Recorded data
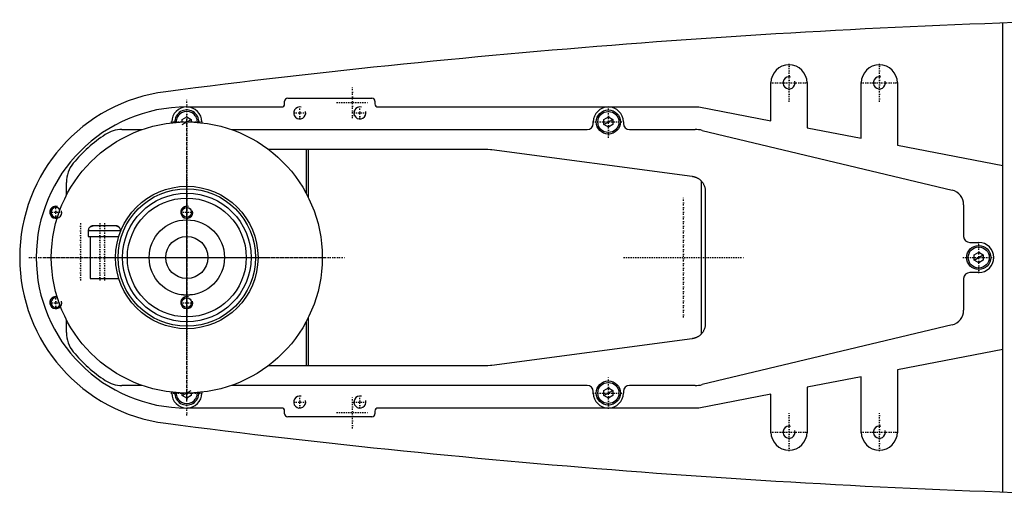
# Model space of a CAD drawing. Extents: x -705 to 186, y -120 to 120.
# Tile 1 of 6: x -705 to -378, y -79 to 79. Entities that reach past the tile are written whole.
import ezdxf

# ---------------------------------------------------------------- set-up
doc = ezdxf.new("R2010")
doc.units = 0
doc.linetypes.add('CENTER', pattern=[1.5, 0.45, -0.5, 0.05, -0.5])
for name, color, linetype in [('AM_0', 7, 'CONTINUOUS'), ('AM_10', 7, 'CONTINUOUS'), ('AM_7', 7, 'CENTER')]:
    doc.layers.add(name, color=color, linetype=linetype)

msp = doc.modelspace()

# ---------------------------------------------------------------- linework, layer by layer
at = {"layer": 'AM_0', "color": 7, "linetype": 'CONTINUOUS'}
for p, q in [((-379, -77.86), (-379, 77.86)), ((-456, 45.38), (-456, 58)), ((-444, 58), (-444, 43.08)), ((-426, 39.62), (-426, 58)), ((-414, 58), (-414, 37.31)), ((-616.5, 52.9), (-588.5, 52.9)), ((-650, 50), (-618.5, 50)), ((-617.5, 51), (-617.5, 51.9)), ((-587.5, 51.9), (-587.5, 51)), ((-586.5, 50), (-480, 50)), ((-480, 50), (-456, 45.38)), ((-651.5, 45.87), (-650, 46.73)), ((-651.5, 44.97), (-651.5, 45.87)), ((-650, 46.73), (-648.5, 45.87)), ((-648.5, 45.87), (-648.5, 44.97)), ((-511.5, 45.87), (-510, 46.73)), ((-511.5, 44.13), (-511.5, 45.87)), ((-510, 46.73), (-508.5, 45.87)), ((-508.5, 45.87), (-508.5, 44.13)), ((-655, 44.72), (-655, 45)), ((-645, 45), (-645, 44.72)), ((-515, 44.5), (-515, 45)), ((-510, 43.27), (-511.5, 44.13)), ((-508.5, 44.13), (-510, 43.27)), ((-505, 45), (-505, 44.5)), ((-444, 43.08), (-426, 39.62)), ((-671.56, 42.5), (-664.79, 42.5)), ((-635.21, 42.5), (-517, 42.5)), ((-503, 42.5), (-481.18, 42.5)), ((-478.85, 42.23), (-395.84, 22.36)), ((-623, 36), (-551.33, 36)), ((-610.3, 21.18), (-610.3, 36)), ((-609.7, 36), (-609.7, 20.03)), ((-414, 37.31), (-379, 30.58)), ((-548.68, 35.82), (-482.14, 26.96)), ((-690, 20.62), (-690, 24.92)), ((-479.14, 25.41), (-479.14, -25.41)), ((-477.8, 22), (-477.8, -22)), ((-392, 17.5), (-392, 7)), ((-682.26, 10), (-682.34, 10)), ((-682.26, 10), (-682.23, 10.03)), ((-673.54, 10.5), (-681.12, 10.5)), ((-672.36, 10), (-672.44, 10)), ((-682.73, 9), (-682.73, 7)), ((-682.73, 9), (-671.98, 9)), ((-682.73, 7), (-672.59, 7)), ((-682.15, 7), (-682.15, -7)), ((-671.98, 8.74), (-671.98, 9)), ((-390, 5), (-387, 5)), ((-388.5, 0.87), (-387, 1.73)), ((-388.5, -0.87), (-388.5, 0.87)), ((-387, 1.73), (-385.5, 0.87)), ((-385.5, 0.87), (-385.5, -0.87)), ((-387, -1.73), (-388.5, -0.87)), ((-385.5, -0.87), (-387, -1.73)), ((-387, -5), (-390, -5)), ((-682.15, -7), (-672.59, -7)), ((-392, -7), (-392, -17.5)), ((-690, -24.92), (-690, -20.62)), ((-610.3, -36), (-610.3, -21.18)), ((-609.7, -20.03), (-609.7, -36)), ((-395.84, -22.36), (-478.85, -42.23)), ((-482.14, -26.96), (-548.68, -35.82)), ((-379, -30.58), (-414, -37.31)), ((-551.33, -36), (-623, -36)), ((-414, -37.31), (-414, -58)), ((-664.79, -42.5), (-671.56, -42.5)), ((-517, -42.5), (-635.21, -42.5)), ((-481.18, -42.5), (-503, -42.5)), ((-426, -39.62), (-444, -43.08)), ((-426, -58), (-426, -39.62)), ((-655, -45), (-655, -44.72)), ((-651.5, -45.87), (-651.5, -44.97)), ((-648.5, -44.97), (-648.5, -45.87)), ((-645, -44.72), (-645, -45)), ((-515, -45), (-515, -44.5)), ((-511.5, -44.13), (-510, -43.27)), ((-511.5, -45.87), (-511.5, -44.13)), ((-510, -43.27), (-508.5, -44.13)), ((-508.5, -44.13), (-508.5, -45.87)), ((-505, -44.5), (-505, -45)), ((-456, -45.38), (-480, -50)), ((-456, -58), (-456, -45.38)), ((-444, -43.08), (-444, -58)), ((-650, -46.73), (-651.5, -45.87)), ((-648.5, -45.87), (-650, -46.73)), ((-510, -46.73), (-511.5, -45.87)), ((-508.5, -45.87), (-510, -46.73)), ((-618.5, -50), (-650, -50)), ((-617.5, -51.9), (-617.5, -51)), ((-587.5, -51), (-587.5, -51.9)), ((-480, -50), (-586.5, -50)), ((-588.5, -52.9), (-616.5, -52.9))]:
    msp.add_line(p, q, dxfattribs=at)
for points in [[(-551.33, 36, 0), (-550.89, 36, 0), (-550, 35.96, 0), (-549.12, 35.88, 0), (-548.68, 35.82, 0)], [(-482.14, 26.96, 0), (-482.04, 26.94, 0), (-481.86, 26.91, 0), (-481.67, 26.87, 0), (-481.58, 26.85, 0), (-481.48, 26.82, 0), (-481.3, 26.77, 0), (-481.12, 26.71, 0), (-480.94, 26.64, 0), (-480.77, 26.57, 0), (-480.59, 26.49, 0), (-480.51, 26.44, 0), (-480.42, 26.4, 0), (-480.26, 26.3, 0), (-480.09, 26.2, 0), (-479.93, 26.1, 0), (-479.78, 25.99, 0), (-479.63, 25.87, 0), (-479.56, 25.81, 0), (-479.48, 25.74, 0), (-479.34, 25.61, 0), (-479.21, 25.48, 0), (-479.14, 25.41, 0)], [(-479.14, 25.41, 0), (-479.07, 25.33, 0), (-478.93, 25.16, 0), (-478.8, 25, 0), (-478.73, 24.91, 0), (-478.67, 24.82, 0), (-478.56, 24.65, 0), (-478.45, 24.47, 0), (-478.35, 24.29, 0), (-478.26, 24.1, 0), (-478.18, 23.91, 0), (-478.14, 23.82, 0), (-478.11, 23.72, 0), (-478.04, 23.53, 0), (-477.98, 23.34, 0), (-477.93, 23.15, 0), (-477.89, 22.95, 0), (-477.86, 22.75, 0), (-477.84, 22.65, 0), (-477.84, 22.64, 0), (-477.84, 22.6, 0), (-477.83, 22.57, 0), (-477.83, 22.55, 0), (-477.83, 22.53, 0), (-477.83, 22.5, 0), (-477.82, 22.46, 0), (-477.82, 22.43, 0), (-477.82, 22.39, 0), (-477.81, 22.36, 0), (-477.81, 22.34, 0), (-477.81, 22.32, 0), (-477.81, 22.29, 0), (-477.81, 22.25, 0), (-477.8, 22.21, 0), (-477.8, 22.18, 0), (-477.8, 22.14, 0), (-477.8, 22.12, 0), (-477.8, 22.1, 0), (-477.8, 22.06, 0), (-477.8, 22.02, 0), (-477.8, 22, 0)], [(-681.12, 10.5, 0), (-681.15, 10.5, 0), (-681.22, 10.5, 0), (-681.29, 10.49, 0), (-681.33, 10.49, 0), (-681.37, 10.48, 0), (-681.44, 10.47, 0), (-681.51, 10.45, 0), (-681.58, 10.43, 0), (-681.65, 10.41, 0), (-681.71, 10.38, 0), (-681.74, 10.37, 0), (-681.77, 10.36, 0), (-681.84, 10.33, 0), (-681.9, 10.29, 0), (-681.96, 10.25, 0), (-682.02, 10.21, 0), (-682.08, 10.17, 0), (-682.11, 10.14, 0), (-682.14, 10.12, 0), (-682.19, 10.07, 0), (-682.24, 10.03, 0), (-682.26, 10, 0)], [(-682.06, 10.19, 0), (-682.04, 10.2, 0), (-681.99, 10.24, 0), (-681.94, 10.27, 0), (-681.92, 10.28, 0), (-681.89, 10.3, 0), (-681.84, 10.32, 0), (-681.79, 10.35, 0), (-681.74, 10.37, 0), (-681.69, 10.39, 0), (-681.64, 10.41, 0), (-681.62, 10.42, 0), (-681.59, 10.43, 0), (-681.54, 10.44, 0), (-681.48, 10.46, 0), (-681.42, 10.47, 0), (-681.37, 10.48, 0), (-681.31, 10.49, 0), (-681.28, 10.49, 0), (-681.26, 10.49, 0), (-681.2, 10.5, 0), (-681.15, 10.5, 0), (-681.12, 10.5, 0)], [(-672.44, 10, 0), (-672.46, 10.03, 0), (-672.51, 10.07, 0), (-672.56, 10.12, 0), (-672.59, 10.14, 0), (-672.62, 10.17, 0), (-672.68, 10.21, 0), (-672.74, 10.25, 0), (-672.8, 10.29, 0), (-672.86, 10.33, 0), (-672.93, 10.36, 0), (-672.96, 10.37, 0), (-672.99, 10.38, 0), (-673.05, 10.41, 0), (-673.12, 10.43, 0), (-673.19, 10.45, 0), (-673.26, 10.47, 0), (-673.33, 10.48, 0), (-673.37, 10.49, 0), (-673.41, 10.49, 0), (-673.48, 10.5, 0), (-673.55, 10.5, 0), (-673.58, 10.5, 0)], [(-673.3, 10.48, 0), (-673.27, 10.47, 0), (-673.22, 10.46, 0), (-673.16, 10.44, 0), (-673.14, 10.44, 0), (-673.11, 10.43, 0), (-673.06, 10.41, 0), (-673.01, 10.39, 0), (-672.96, 10.37, 0), (-672.91, 10.35, 0), (-672.86, 10.32, 0), (-672.83, 10.31, 0), (-672.81, 10.3, 0), (-672.76, 10.27, 0), (-672.71, 10.23, 0), (-672.66, 10.2, 0), (-672.62, 10.17, 0), (-672.57, 10.13, 0), (-672.55, 10.11, 0), (-672.53, 10.1, 0), (-672.49, 10.06, 0), (-672.46, 10.02, 0), (-672.44, 10, 0)], [(-650, -12.5, 0), (-650.01, -12.5, 0), (-650.04, -12.5, 0), (-650.07, -12.5, 0), (-650.08, -12.5, 0), (-650.1, -12.5, 0), (-650.12, -12.5, 0), (-650.15, -12.5, 0), (-650.18, -12.5, 0), (-650.2, -12.5, 0), (-650.23, -12.5, 0), (-650.25, -12.5, 0), (-650.26, -12.5, 0), (-650.29, -12.5, 0), (-650.31, -12.5, 0), (-650.34, -12.5, 0), (-650.37, -12.49, 0), (-650.4, -12.49, 0), (-650.41, -12.49, 0), (-650.42, -12.49, 0), (-650.45, -12.49, 0), (-650.48, -12.49, 0), (-650.49, -12.49, 0), (-650.51, -12.49, 0), (-650.53, -12.49, 0), (-650.56, -12.49, 0), (-650.57, -12.49, 0), (-650.59, -12.49, 0), (-650.61, -12.48, 0), (-650.64, -12.48, 0), (-650.67, -12.48, 0), (-650.69, -12.48, 0), (-650.72, -12.48, 0), (-650.73, -12.48, 0), (-650.74, -12.48, 0), (-650.77, -12.48, 0), (-650.8, -12.47, 0), (-650.82, -12.47, 0), (-650.85, -12.47, 0), (-650.87, -12.47, 0), (-650.88, -12.47, 0), (-650.9, -12.47, 0), (-650.92, -12.47, 0), (-650.94, -12.46, 0), (-650.97, -12.46, 0), (-650.99, -12.46, 0), (-651.01, -12.46, 0), (-651.03, -12.46, 0), (-651.04, -12.46, 0), (-651.06, -12.45, 0), (-651.08, -12.45, 0), (-651.1, -12.45, 0), (-651.13, -12.45, 0), (-651.15, -12.45, 0), (-651.16, -12.45, 0), (-651.17, -12.45, 0), (-651.19, -12.44, 0), (-651.21, -12.44, 0), (-651.23, -12.44, 0), (-651.25, -12.44, 0), (-651.27, -12.44, 0), (-651.28, -12.43, 0), (-651.29, -12.43, 0), (-651.31, -12.43, 0), (-651.33, -12.43, 0), (-651.34, -12.43, 0), (-651.34, -12.43, 0), (-651.36, -12.43, 0), (-651.38, -12.42, 0), (-651.39, -12.42, 0), (-651.4, -12.42, 0), (-651.41, -12.42, 0), (-651.43, -12.42, 0), (-651.45, -12.42, 0), (-651.46, -12.41, 0), (-651.48, -12.41, 0), (-651.49, -12.41, 0), (-651.5, -12.41, 0), (-651.51, -12.41, 0), (-651.53, -12.41, 0), (-651.54, -12.4, 0), (-651.56, -12.4, 0), (-651.57, -12.4, 0), (-651.58, -12.4, 0), (-651.59, -12.4, 0), (-651.6, -12.4, 0), (-651.61, -12.4, 0), (-651.63, -12.39, 0), (-651.64, -12.39, 0), (-651.65, -12.39, 0), (-651.66, -12.39, 0), (-651.67, -12.39, 0), (-651.68, -12.39, 0), (-651.69, -12.39, 0), (-651.7, -12.38, 0), (-651.71, -12.38, 0), (-651.72, -12.38, 0), (-651.73, -12.38, 0), (-651.73, -12.38, 0), (-651.74, -12.38, 0), (-651.75, -12.38, 0), (-651.76, -12.38, 0), (-651.77, -12.37, 0), (-651.78, -12.37, 0), (-651.78, -12.37, 0), (-651.78, -12.37, 0), (-651.79, -12.37, 0), (-651.8, -12.37, 0), (-651.8, -12.37, 0), (-651.81, -12.37, 0), (-651.81, -12.37, 0), (-651.82, -12.37, 0), (-651.82, -12.37, 0), (-651.82, -12.37, 0), (-651.83, -12.37, 0), (-651.83, -12.36, 0), (-651.84, -12.36, 0), (-651.84, -12.36, 0), (-651.84, -12.36, 0), (-651.85, -12.36, 0), (-651.85, -12.36, 0), (-651.85, -12.36, 0), (-651.85, -12.36, 0), (-651.86, -12.36, 0), (-651.86, -12.36, 0), (-651.86, -12.36, 0), (-651.86, -12.36, 0), (-651.86, -12.36, 0), (-651.86, -12.36, 0), (-651.86, -12.36, 0), (-651.86, -12.36, 0)], [(-648.14, -12.36, 0), (-648.14, -12.36, 0), (-648.14, -12.36, 0), (-648.14, -12.36, 0), (-648.14, -12.36, 0), (-648.14, -12.36, 0), (-648.14, -12.36, 0), (-648.14, -12.36, 0), (-648.15, -12.36, 0), (-648.15, -12.36, 0), (-648.15, -12.36, 0), (-648.15, -12.36, 0), (-648.16, -12.36, 0), (-648.16, -12.36, 0), (-648.16, -12.36, 0), (-648.17, -12.36, 0), (-648.17, -12.37, 0), (-648.18, -12.37, 0), (-648.18, -12.37, 0), (-648.18, -12.37, 0), (-648.19, -12.37, 0), (-648.19, -12.37, 0), (-648.2, -12.37, 0), (-648.2, -12.37, 0), (-648.21, -12.37, 0), (-648.22, -12.37, 0), (-648.22, -12.37, 0), (-648.22, -12.37, 0), (-648.23, -12.37, 0), (-648.24, -12.38, 0), (-648.25, -12.38, 0), (-648.26, -12.38, 0), (-648.27, -12.38, 0), (-648.27, -12.38, 0), (-648.28, -12.38, 0), (-648.29, -12.38, 0), (-648.3, -12.38, 0), (-648.31, -12.39, 0), (-648.32, -12.39, 0), (-648.33, -12.39, 0), (-648.34, -12.39, 0), (-648.35, -12.39, 0), (-648.36, -12.39, 0), (-648.37, -12.39, 0), (-648.39, -12.4, 0), (-648.4, -12.4, 0), (-648.41, -12.4, 0), (-648.42, -12.4, 0), (-648.43, -12.4, 0), (-648.44, -12.4, 0), (-648.46, -12.4, 0), (-648.47, -12.41, 0), (-648.49, -12.41, 0), (-648.5, -12.41, 0), (-648.51, -12.41, 0), (-648.52, -12.41, 0), (-648.54, -12.41, 0), (-648.55, -12.42, 0), (-648.57, -12.42, 0), (-648.59, -12.42, 0), (-648.6, -12.42, 0), (-648.61, -12.42, 0), (-648.62, -12.42, 0), (-648.64, -12.43, 0), (-648.66, -12.43, 0), (-648.66, -12.43, 0), (-648.67, -12.43, 0), (-648.69, -12.43, 0), (-648.71, -12.43, 0), (-648.72, -12.43, 0), (-648.73, -12.44, 0), (-648.75, -12.44, 0), (-648.77, -12.44, 0), (-648.79, -12.44, 0), (-648.81, -12.44, 0), (-648.83, -12.45, 0), (-648.84, -12.45, 0), (-648.85, -12.45, 0), (-648.87, -12.45, 0), (-648.9, -12.45, 0), (-648.92, -12.45, 0), (-648.94, -12.45, 0), (-648.96, -12.46, 0), (-648.97, -12.46, 0), (-648.99, -12.46, 0), (-649.01, -12.46, 0), (-649.03, -12.46, 0), (-649.06, -12.46, 0), (-649.08, -12.47, 0), (-649.1, -12.47, 0), (-649.12, -12.47, 0), (-649.13, -12.47, 0), (-649.15, -12.47, 0), (-649.18, -12.47, 0), (-649.2, -12.47, 0), (-649.23, -12.48, 0), (-649.26, -12.48, 0), (-649.27, -12.48, 0), (-649.28, -12.48, 0), (-649.31, -12.48, 0), (-649.33, -12.48, 0), (-649.36, -12.48, 0), (-649.39, -12.48, 0), (-649.41, -12.49, 0), (-649.43, -12.49, 0), (-649.44, -12.49, 0), (-649.47, -12.49, 0), (-649.49, -12.49, 0), (-649.51, -12.49, 0), (-649.52, -12.49, 0), (-649.55, -12.49, 0), (-649.58, -12.49, 0), (-649.59, -12.49, 0), (-649.6, -12.49, 0), (-649.63, -12.49, 0), (-649.66, -12.5, 0), (-649.69, -12.5, 0), (-649.71, -12.5, 0), (-649.74, -12.5, 0), (-649.75, -12.5, 0), (-649.77, -12.5, 0), (-649.8, -12.5, 0), (-649.82, -12.5, 0), (-649.85, -12.5, 0), (-649.88, -12.5, 0), (-649.9, -12.5, 0), (-649.92, -12.5, 0), (-649.93, -12.5, 0), (-649.96, -12.5, 0), (-649.99, -12.5, 0), (-650, -12.5, 0)], [(-477.8, -22, 0), (-477.8, -22.02, 0), (-477.8, -22.06, 0), (-477.8, -22.1, 0), (-477.8, -22.12, 0), (-477.8, -22.14, 0), (-477.8, -22.18, 0), (-477.8, -22.21, 0), (-477.81, -22.25, 0), (-477.81, -22.29, 0), (-477.81, -22.32, 0), (-477.81, -22.34, 0), (-477.81, -22.36, 0), (-477.82, -22.39, 0), (-477.82, -22.43, 0), (-477.82, -22.46, 0), (-477.83, -22.5, 0), (-477.83, -22.53, 0), (-477.83, -22.55, 0), (-477.83, -22.57, 0), (-477.84, -22.6, 0), (-477.84, -22.64, 0), (-477.84, -22.65, 0), (-477.86, -22.75, 0), (-477.89, -22.95, 0), (-477.93, -23.15, 0), (-477.98, -23.34, 0), (-478.04, -23.53, 0), (-478.11, -23.72, 0), (-478.14, -23.82, 0), (-478.18, -23.91, 0), (-478.26, -24.1, 0), (-478.35, -24.29, 0), (-478.45, -24.47, 0), (-478.56, -24.65, 0), (-478.67, -24.82, 0), (-478.73, -24.91, 0), (-478.8, -25, 0), (-478.93, -25.16, 0), (-479.07, -25.33, 0), (-479.14, -25.41, 0)], [(-479.14, -25.41, 0), (-479.21, -25.48, 0), (-479.34, -25.61, 0), (-479.48, -25.74, 0), (-479.56, -25.81, 0), (-479.63, -25.87, 0), (-479.78, -25.99, 0), (-479.93, -26.1, 0), (-480.09, -26.2, 0), (-480.26, -26.3, 0), (-480.42, -26.4, 0), (-480.51, -26.44, 0), (-480.59, -26.49, 0), (-480.77, -26.57, 0), (-480.94, -26.64, 0), (-481.12, -26.71, 0), (-481.3, -26.77, 0), (-481.48, -26.82, 0), (-481.58, -26.85, 0), (-481.67, -26.87, 0), (-481.86, -26.91, 0), (-482.04, -26.94, 0), (-482.14, -26.96, 0)], [(-548.68, -35.82, 0), (-549.12, -35.88, 0), (-550, -35.96, 0), (-550.89, -36, 0), (-551.33, -36, 0)]]:
    msp.add_polyline3d(points, dxfattribs=at)
for centre, radius in [((-510, 45), 4), ((-510, 45), 3.5), ((-650, 0), 45), ((-650, 0), 23.65), ((-650, 0), 22.85), ((-650, 0), 21.35), ((-650, 0), 19.75), ((-650, 15), 1.62), ((-650, 0), 12.5), ((-650, 0), 7), ((-387, 0), 4), ((-387, 0), 3.5), ((-650, -15), 1.62), ((-510, -45), 4), ((-510, -45), 3.5)]:
    msp.add_circle(centre, radius, dxfattribs=at)
for centre, radius, start, end in [((-273.05, -2920.27), 3000, 91.28464, 97.35313), ((-450, 58), 6, 0, 180), ((-420, 58), 6, 0, 180), ((-650, 0), 55.5, 97.2532, 262.7468), ((-616.5, 51.9), 1, 90, 180), ((-588.5, 51.9), 1, 0, 90), ((-650, 0), 50, 90, 270), ((-650, 45), 5, 0, 180), ((-618.5, 51), 1, 270, 0), ((-586.5, 51), 1, 180, 270), ((-510, 45), 5, 0, 180), ((-650, 45), 4, 357.4527, 182.5473), ((-650, 45), 3.5, 357.7713, 182.2287), ((-517, 44.5), 2, 270, 0), ((-503, 44.5), 2, 180, 270), ((-650, 0), 49, 123.5573, 140.2849), ((-671.56, 32.5), 10, 90, 123.5573), ((-481.18, 32.5), 10, 76.5442, 90), ((-680, 24.92), 10, 140.2849, 180), ((-397, 17.5), 5, 0, 76.5442), ((-693.5, 15), 1.62, 31.4794, 290.4694), ((-681.22, 9), 1.5, 138.1897, 180), ((-673.48, 9), 1.5, 0, 41.8103), ((-390, 7), 2, 180, 270), ((-387, 0), 5, 270, 90), ((-390, -7), 2, 90, 180), ((-693.5, -15), 1.62, 69.5306, 328.5206), ((-397, -17.5), 5, 283.4558, 0), ((-680, -24.92), 10, 180, 219.7151), ((-650, 0), 49, 219.7151, 236.4427), ((-671.56, -32.5), 10, 236.4427, 270), ((-517, -44.5), 2, 0, 90), ((-503, -44.5), 2, 90, 180), ((-481.18, -32.5), 10, 270, 283.4558), ((-650, -45), 5, 180, 0), ((-650, -45), 4, 177.4527, 2.5473), ((-650, -45), 3.5, 177.7713, 2.2287), ((-510, -45), 5, 180, 0), ((-618.5, -51), 1, 0, 90), ((-616.5, -51.9), 1, 180, 270), ((-588.5, -51.9), 1, 270, 0), ((-586.5, -51), 1, 90, 180), ((-273.05, 2920.27), 3000, 262.64687, 268.71536), ((-450, -58), 6, 180, 0), ((-420, -58), 6, 180, 0)]:
    msp.add_arc(centre, radius, start, end, dxfattribs=at)
at = {"layer": 'AM_10', "color": 7, "linetype": 'CONTINUOUS'}
for p, q in [((-651.5, 44.13), (-648.5, 45.87)), ((-511.5, 44.13), (-508.5, 45.87)), ((-388.5, -0.87), (-385.5, 0.87)), ((-651.5, -45.87), (-648.5, -44.13)), ((-511.5, -45.87), (-508.5, -44.13))]:
    msp.add_line(p, q, dxfattribs=at)
for centre in [(-450, 58), (-420, 58), (-612.5, 48), (-592.5, 48), (-693.5, 15), (-650, 15), (-693.5, -15), (-650, -15), (-612.5, -48), (-592.5, -48), (-450, -58), (-420, -58)]:
    msp.add_arc(centre, 2, 75, 15, dxfattribs=at)
at = {"layer": 'AM_7', "color": 4, "linetype": 'CENTER'}
for p, q in [((-450, 51.7), (-450, 64.3)), ((-420, 51.7), (-420, 64.3)), ((-595, 46.25), (-595, 56.75)), ((-456.3, 58), (-443.7, 58)), ((-426.3, 58), (-413.7, 58)), ((-650, -52.5), (-650, 52.5)), ((-612.5, 45.9), (-612.5, 50.1)), ((-600.25, 51.5), (-589.75, 51.5)), ((-592.5, 45.9), (-592.5, 50.1)), ((-510, 39.75), (-510, 50.25)), ((-650, -47.25), (-650, 47.25)), ((-614.6, 48), (-610.4, 48)), ((-594.6, 48), (-590.4, 48)), ((-655.25, 45), (-644.75, 45)), ((-515.25, 45), (-504.75, 45)), ((-650, -33.23), (-650, 33.23)), ((-650, -26.41), (-650, 26.41)), ((-650, -22.05), (-650, 22.05)), ((-485, -19.95), (-485, 19.95)), ((-693.5, 12.9), (-693.5, 17.1)), ((-695.6, 15), (-691.4, 15)), ((-652.1, 15), (-647.9, 15)), ((-685.35, 11.38), (-685.35, -7.87)), ((-678.85, 11.38), (-678.85, -7.87)), ((-678.85, 11.38), (-678.85, -7.87)), ((-677.35, 11.38), (-677.35, -7.87)), ((-387, -5.25), (-387, 5.25)), ((-683.23, 0), (-616.77, 0)), ((-676.41, 0), (-623.59, 0)), ((-504.95, 0), (-465.05, 0)), ((-702.5, 0), (-597.5, 0)), ((-697.25, 0), (-602.75, 0)), ((-672.05, 0), (-627.95, 0)), ((-392.25, 0), (-381.75, 0)), ((-693.5, -17.1), (-693.5, -12.9)), ((-695.6, -15), (-691.4, -15)), ((-652.1, -15), (-647.9, -15)), ((-510, -50.25), (-510, -39.75)), ((-655.25, -45), (-644.75, -45)), ((-515.25, -45), (-504.75, -45)), ((-614.6, -48), (-610.4, -48)), ((-612.5, -50.1), (-612.5, -45.9)), ((-595, -56.75), (-595, -46.25)), ((-594.6, -48), (-590.4, -48)), ((-592.5, -50.1), (-592.5, -45.9)), ((-600.25, -51.5), (-589.75, -51.5)), ((-450, -64.3), (-450, -51.7)), ((-420, -64.3), (-420, -51.7)), ((-456.3, -58), (-443.7, -58)), ((-426.3, -58), (-413.7, -58))]:
    msp.add_line(p, q, dxfattribs=at)

doc.saveas('drawing.dxf')

Directions for this task
Go through the records above and copy every line holding the word "color".

Solution to this task
for name, color, linetype in [('AM_0', 7, 'CONTINUOUS'), ('AM_10', 7, 'CONTINUOUS'), ('AM_7', 7, 'CENTER')]:
    doc.layers.add(name, color=color, linetype=linetype)
at = {"layer": 'AM_0', "color": 7, "linetype": 'CONTINUOUS'}
at = {"layer": 'AM_10', "color": 7, "linetype": 'CONTINUOUS'}
at = {"layer": 'AM_7', "color": 4, "linetype": 'CENTER'}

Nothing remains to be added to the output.